The series' commission was announced in April 2020, entered pre-production by October, with the casting announced that November; six episodes were ordered by the ABC, despite the series being originally developed for eight.

"I was just really lucky that I was working with the actors in particular and the director, Emma Freeman, who was a huge part of the storytelling of this show. We were all really attracted by the idea of showing a love and a kinship that didn't entirely fit into any particular box. In some ways, they're [Dale and Helen] a brilliant team; and in some ways, they're made for each other, but there are core things about them that mean they don't fit into a conventional box. There are innate aspects of their personalities that mean they're wonderful together but also that they can't ever be the conventional couple the world wants them to be. We just love sitting in that space."
— —Michael Lucas, speaking about the dominant plotting of the series and the framing it sits within, and how working with director Freeman helped develop this.

The series was filmed over 54 shoot days during late 2020 and early 2021, under COVID-19 restrictions. As a result, plans for expansive location filming could not take place, such as being unable to film in Darwin, in the Northern Territory, for the third episode, which is partly set there, and instead restricted to the state of Victoria where the show is otherwise entirely set. Scenes in the episode where Dale and Helen, among other journalists, are camped outside a house they believe Lindy Chamberlain is staying at, were filmed in Mildura, with many local residents having been chosen to portray extras and offered up the exterior of their homes to use for filming; such filming took place in March 2021. The scenes in the episode where the various journalists and cameramen are waiting outside Berrimah Prison for Lindy Chamberlain's release were also filmed in Mildura, with stills during the filming shot by Adrian Chiarella, husband to Lucas. Scenes in the fourth episode depicting the Russell Street bombing were filmed at the site of the bombing itself, Lucas commenting that the filming "shut down an entire city block"; Niki Aken, writer of the fourth episode, played an extra during the scenes in the aftermath of the bombing. Creator Lucas himself cameoed during the second episode, portraying a DJ at Geoff's birthday party; scenes for that were shot over three days, and commented that the experience of cameoing gave him the chance to become more accustomed with the cast. Filming of the News at Six studio was done at the NEP Studios in Southbank, South Melbourne, with the newsroom offices set in a disused chemical warehouse/factory in Brooklyn, west of Melbourne.

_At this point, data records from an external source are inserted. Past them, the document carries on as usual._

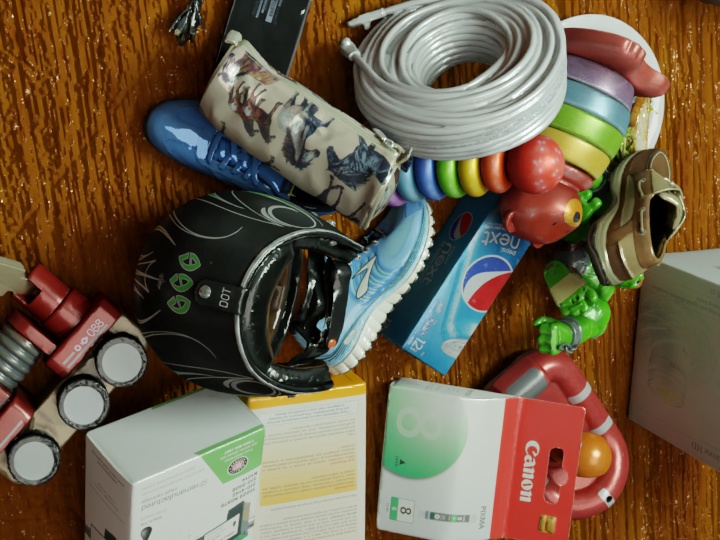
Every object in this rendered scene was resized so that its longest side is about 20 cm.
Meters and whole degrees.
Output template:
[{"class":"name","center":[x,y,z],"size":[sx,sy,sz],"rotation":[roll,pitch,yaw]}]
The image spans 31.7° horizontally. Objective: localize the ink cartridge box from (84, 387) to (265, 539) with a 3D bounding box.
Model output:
[{"class":"ink cartridge box","center":[-0.174,0.222,1.175],"size":[0.146,0.084,0.201],"rotation":[-20,132,-35]}]

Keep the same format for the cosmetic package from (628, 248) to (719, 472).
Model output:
[{"class":"cosmetic package","center":[0.402,0.097,1.380],"size":[0.122,0.199,0.201],"rotation":[-5,106,-23]}]

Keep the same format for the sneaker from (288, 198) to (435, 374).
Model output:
[{"class":"sneaker","center":[0.000,0.000,1.248],"size":[0.090,0.078,0.200],"rotation":[33,83,-15]}]

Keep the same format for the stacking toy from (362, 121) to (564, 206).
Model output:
[{"class":"stacking toy","center":[0.095,-0.099,1.191],"size":[0.085,0.199,0.086],"rotation":[3,90,-65]}]

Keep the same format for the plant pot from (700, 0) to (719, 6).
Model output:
[{"class":"plant pot","center":[0.414,-0.372,1.273],"size":[0.200,0.200,0.199],"rotation":[-10,115,-21]}]

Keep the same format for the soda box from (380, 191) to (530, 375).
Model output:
[{"class":"soda box","center":[0.104,0.001,1.297],"size":[0.064,0.068,0.200],"rotation":[33,89,-27]}]

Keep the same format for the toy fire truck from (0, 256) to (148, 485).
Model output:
[{"class":"toy fire truck","center":[-0.308,0.069,1.116],"size":[0.200,0.129,0.176],"rotation":[43,85,-15]}]

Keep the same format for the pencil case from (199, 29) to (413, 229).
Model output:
[{"class":"pencil case","center":[-0.052,-0.126,1.126],"size":[0.200,0.078,0.090],"rotation":[35,113,1]}]

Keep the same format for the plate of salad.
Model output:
[{"class":"plate of salad","center":[0.239,-0.164,1.324],"size":[0.199,0.048,0.201],"rotation":[-7,107,-22]}]

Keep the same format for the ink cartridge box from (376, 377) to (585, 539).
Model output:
[{"class":"ink cartridge box","center":[0.121,0.205,1.312],"size":[0.199,0.050,0.162],"rotation":[9,103,16]}]

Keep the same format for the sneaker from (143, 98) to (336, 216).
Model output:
[{"class":"sneaker","center":[-0.101,-0.104,1.175],"size":[0.200,0.078,0.066],"rotation":[23,96,-26]}]

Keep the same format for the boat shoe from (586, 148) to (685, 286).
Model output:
[{"class":"boat shoe","center":[0.287,-0.055,1.258],"size":[0.076,0.074,0.200],"rotation":[59,39,-25]}]

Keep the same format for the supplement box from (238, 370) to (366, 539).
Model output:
[{"class":"supplement box","center":[-0.064,0.202,1.274],"size":[0.126,0.073,0.201],"rotation":[-5,106,-23]}]

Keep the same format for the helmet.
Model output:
[{"class":"helmet","center":[-0.106,0.020,1.137],"size":[0.200,0.190,0.201],"rotation":[-12,107,-41]}]

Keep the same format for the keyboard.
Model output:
[{"class":"keyboard","center":[-0.104,-0.254,1.165],"size":[0.127,0.021,0.201],"rotation":[14,97,-32]}]

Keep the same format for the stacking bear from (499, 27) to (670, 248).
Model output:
[{"class":"stacking bear","center":[0.198,-0.120,1.225],"size":[0.121,0.113,0.201],"rotation":[27,86,-55]}]

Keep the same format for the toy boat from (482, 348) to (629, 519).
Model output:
[{"class":"toy boat","center":[0.222,0.187,1.364],"size":[0.130,0.131,0.200],"rotation":[-41,116,-8]}]

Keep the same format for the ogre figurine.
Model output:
[{"class":"ogre figurine","center":[0.233,-0.009,1.318],"size":[0.120,0.098,0.201],"rotation":[21,59,-57]}]

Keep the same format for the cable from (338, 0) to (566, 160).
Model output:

Creator Lucas and director Freeman worked closely and collaboratively on- and off-set, with clear roles set out for the two; during the writing process, Freeman provides Lucas with notes on the script from cast and other crew, and during her directing, he acts as "a support" for her on set. Lucas described Freeman as the "prime storyteller" on set, his presence to "help with speedbumps with the script or to troubleshoot". He later said that, the way in which he engages in constant communication with other cast members, with their input, during the process of writing and filming, that the series was a "mutual creation". Freeman commented it was a "special project" as the cast and her - as the director - were "so aligned", meaning it is an "incredibly collaborative show", with Reid and Torv "help[ing to] develop the script on the floor". Her method of directing is controlled by the "want to capture energy on set" before "finessing in cut", because trying to set-up and control the energy of a scene in post-production comes across "forced". She admitted it was "not a terribly cutty show", which was important to her as "you want to really preserve the natural energy of, in particular, Helen and Dale".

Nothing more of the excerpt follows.